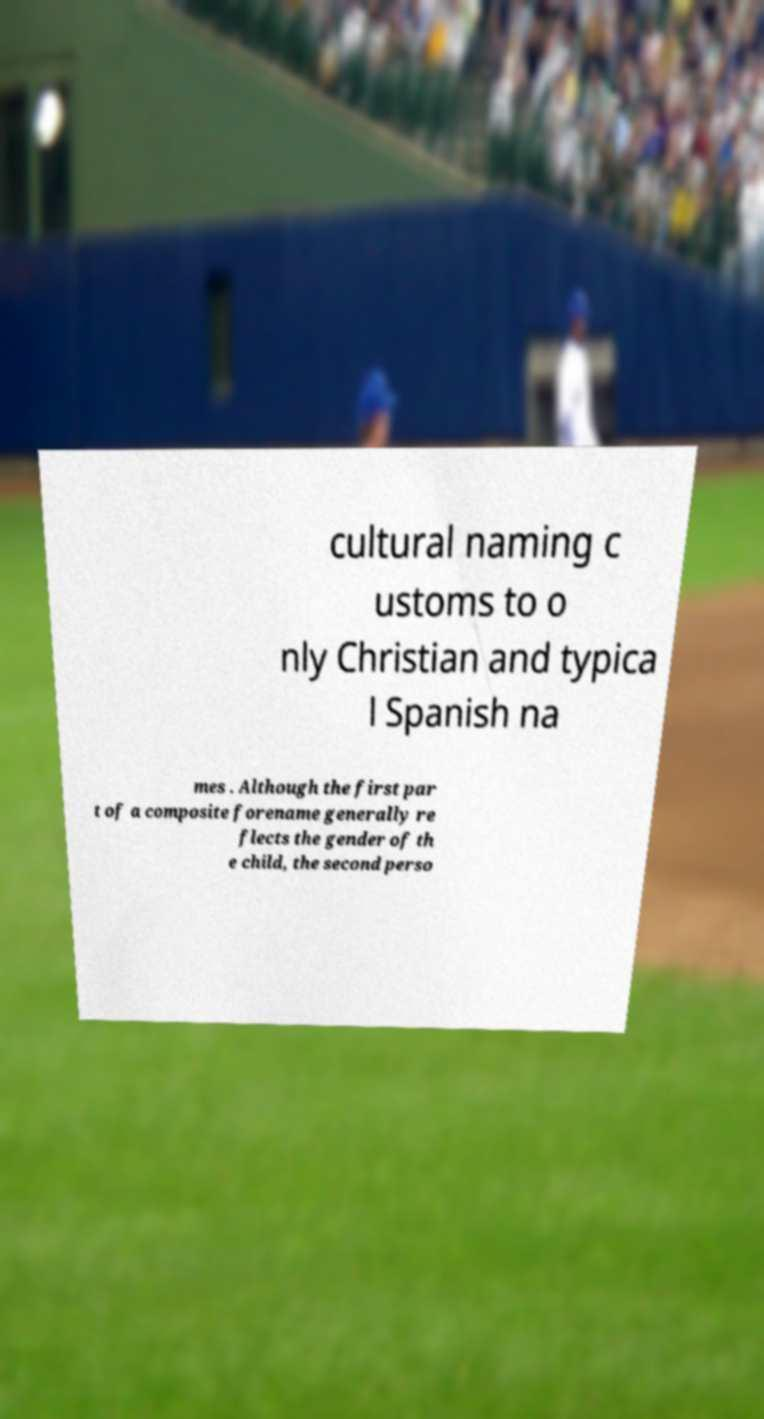Please read and relay the text visible in this image. What does it say? cultural naming c ustoms to o nly Christian and typica l Spanish na mes . Although the first par t of a composite forename generally re flects the gender of th e child, the second perso 
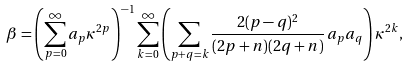Convert formula to latex. <formula><loc_0><loc_0><loc_500><loc_500>\beta = \left ( \sum _ { p = 0 } ^ { \infty } a _ { p } \kappa ^ { 2 p } \right ) ^ { - 1 } \sum _ { k = 0 } ^ { \infty } \left ( \sum _ { p + q = k } \frac { 2 ( p - q ) ^ { 2 } } { ( 2 p + n ) ( 2 q + n ) } \, a _ { p } a _ { q } \right ) \kappa ^ { 2 k } ,</formula> 
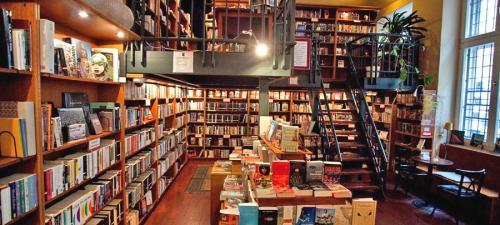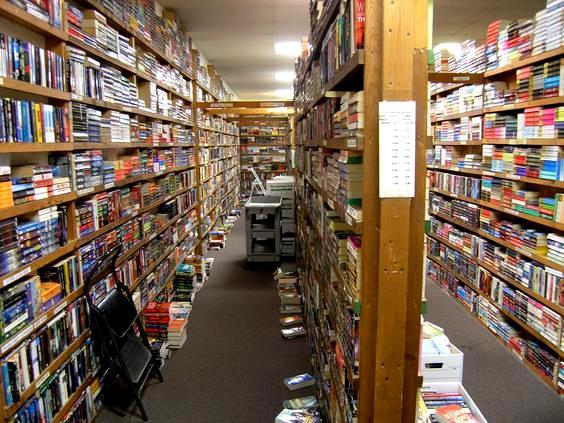The first image is the image on the left, the second image is the image on the right. For the images shown, is this caption "One person is browsing at the bookshelf on the right side." true? Answer yes or no. No. The first image is the image on the left, the second image is the image on the right. Analyze the images presented: Is the assertion "In one image, a long gray pipe runs the length of the bookstore ceiling." valid? Answer yes or no. No. 
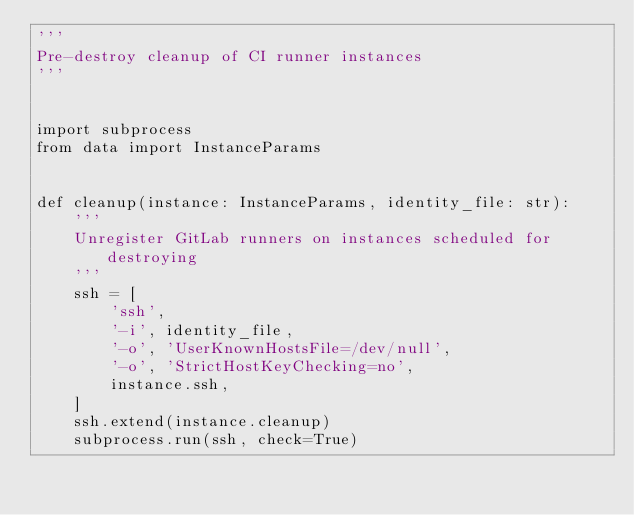<code> <loc_0><loc_0><loc_500><loc_500><_Python_>'''
Pre-destroy cleanup of CI runner instances
'''


import subprocess
from data import InstanceParams


def cleanup(instance: InstanceParams, identity_file: str):
    '''
    Unregister GitLab runners on instances scheduled for destroying
    '''
    ssh = [
        'ssh',
        '-i', identity_file,
        '-o', 'UserKnownHostsFile=/dev/null',
        '-o', 'StrictHostKeyChecking=no',
        instance.ssh,
    ]
    ssh.extend(instance.cleanup)
    subprocess.run(ssh, check=True)
</code> 
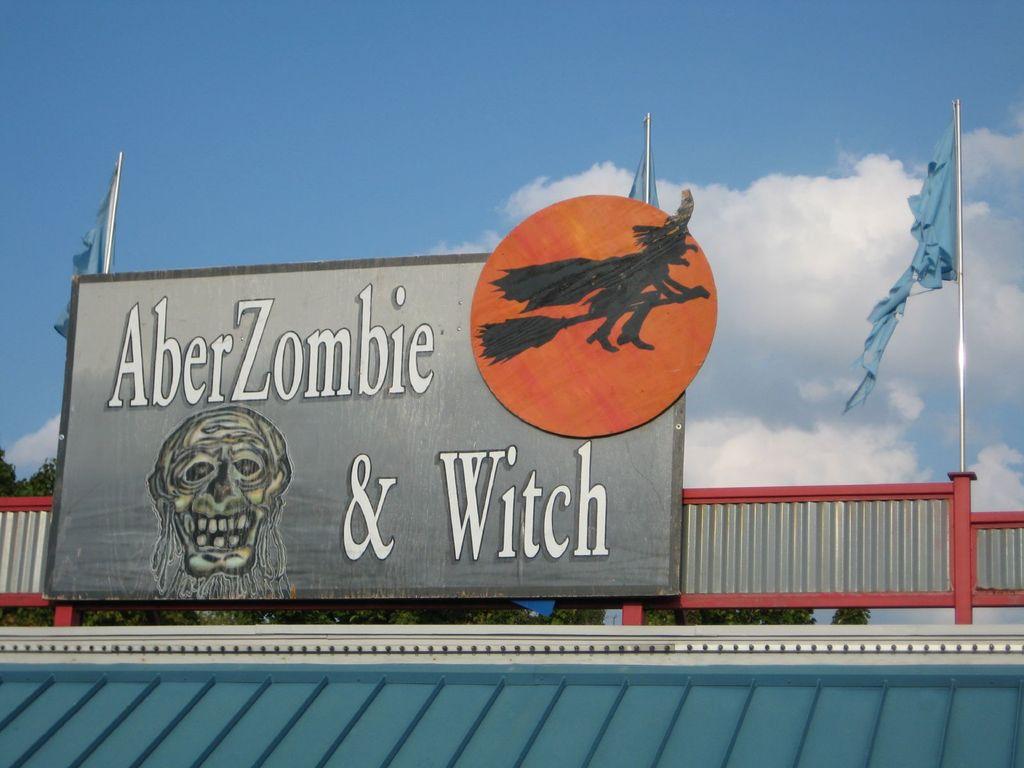What color are the big letters in ?
Offer a very short reply. White. What is the name?
Provide a short and direct response. Aberzombie & witch. 
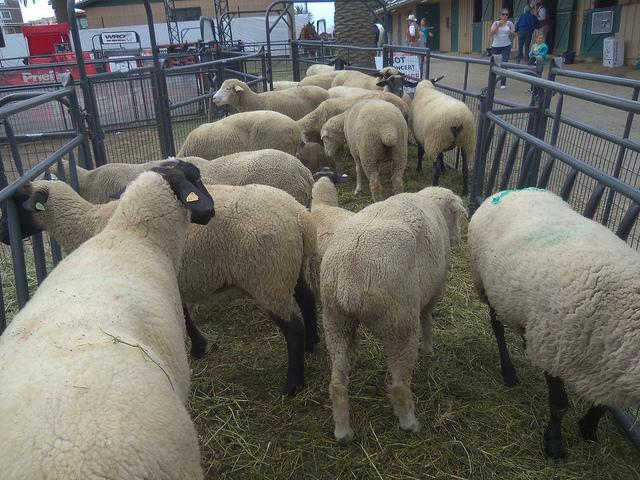What feature do these animals have? wool 
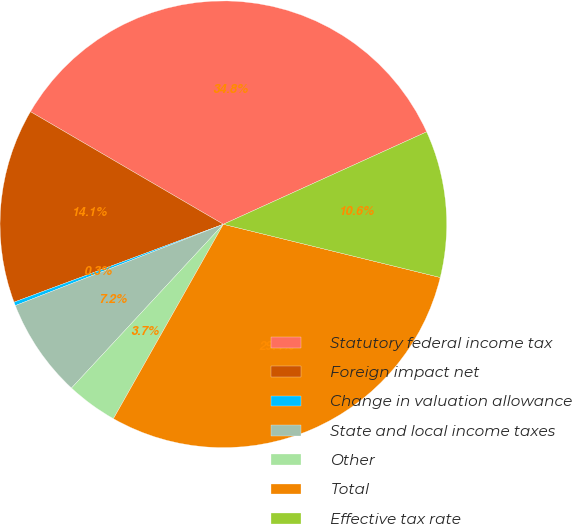Convert chart. <chart><loc_0><loc_0><loc_500><loc_500><pie_chart><fcel>Statutory federal income tax<fcel>Foreign impact net<fcel>Change in valuation allowance<fcel>State and local income taxes<fcel>Other<fcel>Total<fcel>Effective tax rate<nl><fcel>34.8%<fcel>14.08%<fcel>0.26%<fcel>7.17%<fcel>3.71%<fcel>29.36%<fcel>10.62%<nl></chart> 
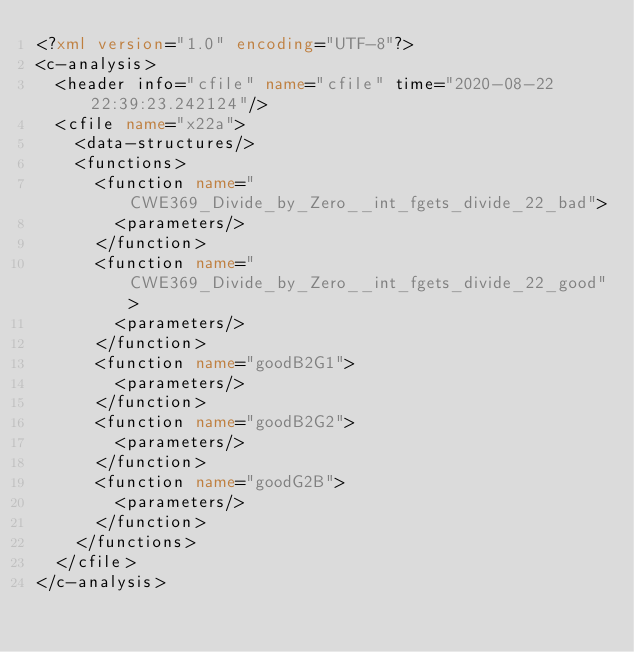Convert code to text. <code><loc_0><loc_0><loc_500><loc_500><_XML_><?xml version="1.0" encoding="UTF-8"?>
<c-analysis>
  <header info="cfile" name="cfile" time="2020-08-22 22:39:23.242124"/>
  <cfile name="x22a">
    <data-structures/>
    <functions>
      <function name="CWE369_Divide_by_Zero__int_fgets_divide_22_bad">
        <parameters/>
      </function>
      <function name="CWE369_Divide_by_Zero__int_fgets_divide_22_good">
        <parameters/>
      </function>
      <function name="goodB2G1">
        <parameters/>
      </function>
      <function name="goodB2G2">
        <parameters/>
      </function>
      <function name="goodG2B">
        <parameters/>
      </function>
    </functions>
  </cfile>
</c-analysis>
</code> 
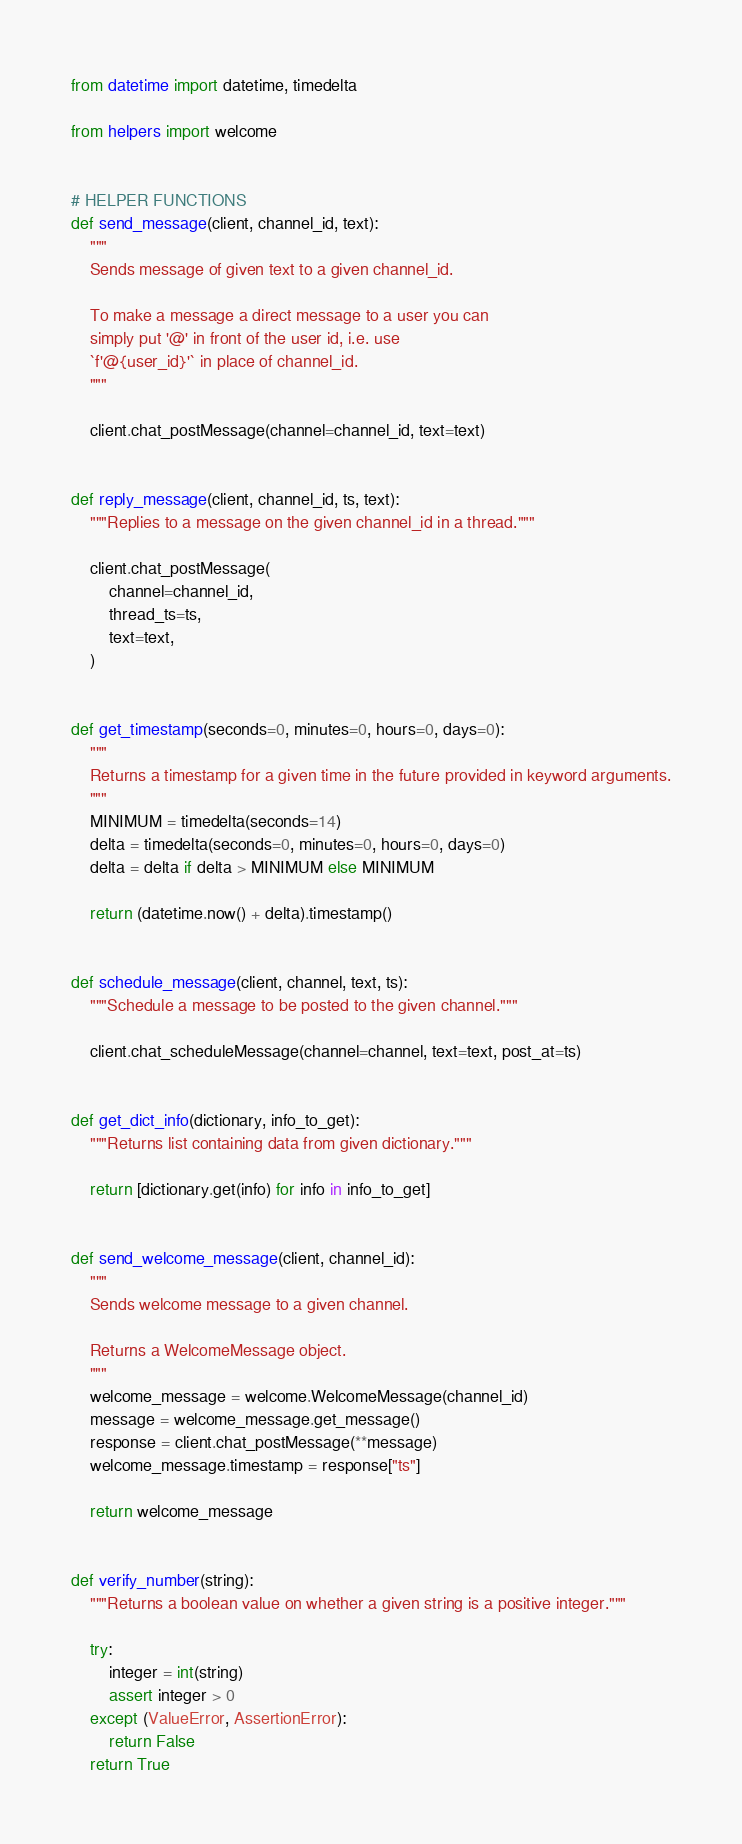<code> <loc_0><loc_0><loc_500><loc_500><_Python_>from datetime import datetime, timedelta

from helpers import welcome


# HELPER FUNCTIONS
def send_message(client, channel_id, text):
    """
    Sends message of given text to a given channel_id.

    To make a message a direct message to a user you can
    simply put '@' in front of the user id, i.e. use
    `f'@{user_id}'` in place of channel_id.
    """

    client.chat_postMessage(channel=channel_id, text=text)


def reply_message(client, channel_id, ts, text):
    """Replies to a message on the given channel_id in a thread."""

    client.chat_postMessage(
        channel=channel_id,
        thread_ts=ts,
        text=text,
    )


def get_timestamp(seconds=0, minutes=0, hours=0, days=0):
    """
    Returns a timestamp for a given time in the future provided in keyword arguments.
    """
    MINIMUM = timedelta(seconds=14)
    delta = timedelta(seconds=0, minutes=0, hours=0, days=0)
    delta = delta if delta > MINIMUM else MINIMUM

    return (datetime.now() + delta).timestamp()


def schedule_message(client, channel, text, ts):
    """Schedule a message to be posted to the given channel."""

    client.chat_scheduleMessage(channel=channel, text=text, post_at=ts)


def get_dict_info(dictionary, info_to_get):
    """Returns list containing data from given dictionary."""

    return [dictionary.get(info) for info in info_to_get]


def send_welcome_message(client, channel_id):
    """
    Sends welcome message to a given channel.

    Returns a WelcomeMessage object.
    """
    welcome_message = welcome.WelcomeMessage(channel_id)
    message = welcome_message.get_message()
    response = client.chat_postMessage(**message)
    welcome_message.timestamp = response["ts"]

    return welcome_message


def verify_number(string):
    """Returns a boolean value on whether a given string is a positive integer."""

    try:
        integer = int(string)
        assert integer > 0
    except (ValueError, AssertionError):
        return False
    return True
</code> 
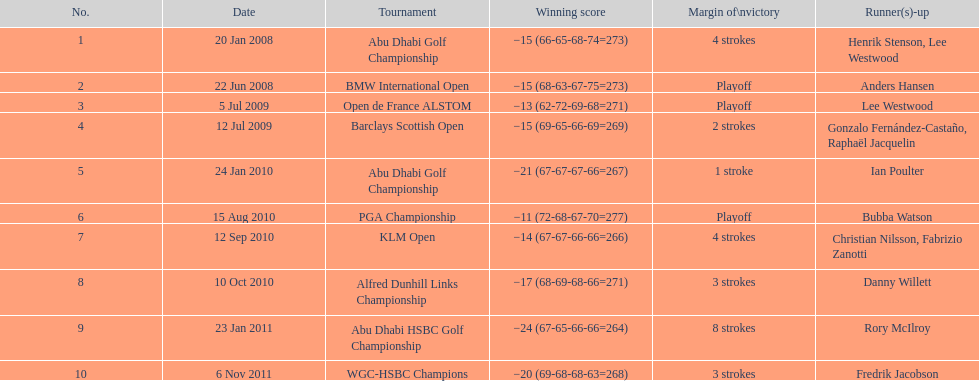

• **Activity**
Omit the pictures and output all remaining material exactly.

• **Result of the task**
Please read and relay the text visible in this image. What does it say? cultural naming c ustoms to o nly Christian and typica l Spanish na mes . Although the first par t of a composite forename generally re flects the gender of th e child, the second perso 
Convert formula to latex. <formula><loc_0><loc_0><loc_500><loc_500>\beta = \left ( \sum _ { p = 0 } ^ { \infty } a _ { p } \kappa ^ { 2 p } \right ) ^ { - 1 } \sum _ { k = 0 } ^ { \infty } \left ( \sum _ { p + q = k } \frac { 2 ( p - q ) ^ { 2 } } { ( 2 p + n ) ( 2 q + n ) } \, a _ { p } a _ { q } \right ) \kappa ^ { 2 k } ,</formula> 
The first image is the image on the left, the second image is the image on the right. For the images shown, is this caption "One person is browsing at the bookshelf on the right side." true? Answer yes or no. No. The first image is the image on the left, the second image is the image on the right. Analyze the images presented: Is the assertion "In one image, a long gray pipe runs the length of the bookstore ceiling." valid? Answer yes or no. No. 
<code> <loc_0><loc_0><loc_500><loc_500><_Python_>'''
Pre-destroy cleanup of CI runner instances
'''


import subprocess
from data import InstanceParams


def cleanup(instance: InstanceParams, identity_file: str):
    '''
    Unregister GitLab runners on instances scheduled for destroying
    '''
    ssh = [
        'ssh',
        '-i', identity_file,
        '-o', 'UserKnownHostsFile=/dev/null',
        '-o', 'StrictHostKeyChecking=no',
        instance.ssh,
    ]
    ssh.extend(instance.cleanup)
    subprocess.run(ssh, check=True)
</code> 
What color are the big letters in ?
Offer a very short reply. White. What is the name?
Provide a short and direct response. Aberzombie & witch. 
What feature do these animals have? wool 
Convert chart. <chart><loc_0><loc_0><loc_500><loc_500><pie_chart><fcel>Statutory federal income tax<fcel>Foreign impact net<fcel>Change in valuation allowance<fcel>State and local income taxes<fcel>Other<fcel>Total<fcel>Effective tax rate<nl><fcel>34.8%<fcel>14.08%<fcel>0.26%<fcel>7.17%<fcel>3.71%<fcel>29.36%<fcel>10.62%<nl></chart> 
Convert code to text. <code><loc_0><loc_0><loc_500><loc_500><_XML_><?xml version="1.0" encoding="UTF-8"?>
<c-analysis>
  <header info="cfile" name="cfile" time="2020-08-22 22:39:23.242124"/>
  <cfile name="x22a">
    <data-structures/>
    <functions>
      <function name="CWE369_Divide_by_Zero__int_fgets_divide_22_bad">
        <parameters/>
      </function>
      <function name="CWE369_Divide_by_Zero__int_fgets_divide_22_good">
        <parameters/>
      </function>
      <function name="goodB2G1">
        <parameters/>
      </function>
      <function name="goodB2G2">
        <parameters/>
      </function>
      <function name="goodG2B">
        <parameters/>
      </function>
    </functions>
  </cfile>
</c-analysis>
</code> 
<code> <loc_0><loc_0><loc_500><loc_500><_Python_>from datetime import datetime, timedelta

from helpers import welcome


# HELPER FUNCTIONS
def send_message(client, channel_id, text):
    """
    Sends message of given text to a given channel_id.

    To make a message a direct message to a user you can
    simply put '@' in front of the user id, i.e. use
    `f'@{user_id}'` in place of channel_id.
    """

    client.chat_postMessage(channel=channel_id, text=text)


def reply_message(client, channel_id, ts, text):
    """Replies to a message on the given channel_id in a thread."""

    client.chat_postMessage(
        channel=channel_id,
        thread_ts=ts,
        text=text,
    )


def get_timestamp(seconds=0, minutes=0, hours=0, days=0):
    """
    Returns a timestamp for a given time in the future provided in keyword arguments.
    """
    MINIMUM = timedelta(seconds=14)
    delta = timedelta(seconds=0, minutes=0, hours=0, days=0)
    delta = delta if delta > MINIMUM else MINIMUM

    return (datetime.now() + delta).timestamp()


def schedule_message(client, channel, text, ts):
    """Schedule a message to be posted to the given channel."""

    client.chat_scheduleMessage(channel=channel, text=text, post_at=ts)


def get_dict_info(dictionary, info_to_get):
    """Returns list containing data from given dictionary."""

    return [dictionary.get(info) for info in info_to_get]


def send_welcome_message(client, channel_id):
    """
    Sends welcome message to a given channel.

    Returns a WelcomeMessage object.
    """
    welcome_message = welcome.WelcomeMessage(channel_id)
    message = welcome_message.get_message()
    response = client.chat_postMessage(**message)
    welcome_message.timestamp = response["ts"]

    return welcome_message


def verify_number(string):
    """Returns a boolean value on whether a given string is a positive integer."""

    try:
        integer = int(string)
        assert integer > 0
    except (ValueError, AssertionError):
        return False
    return True
</code> 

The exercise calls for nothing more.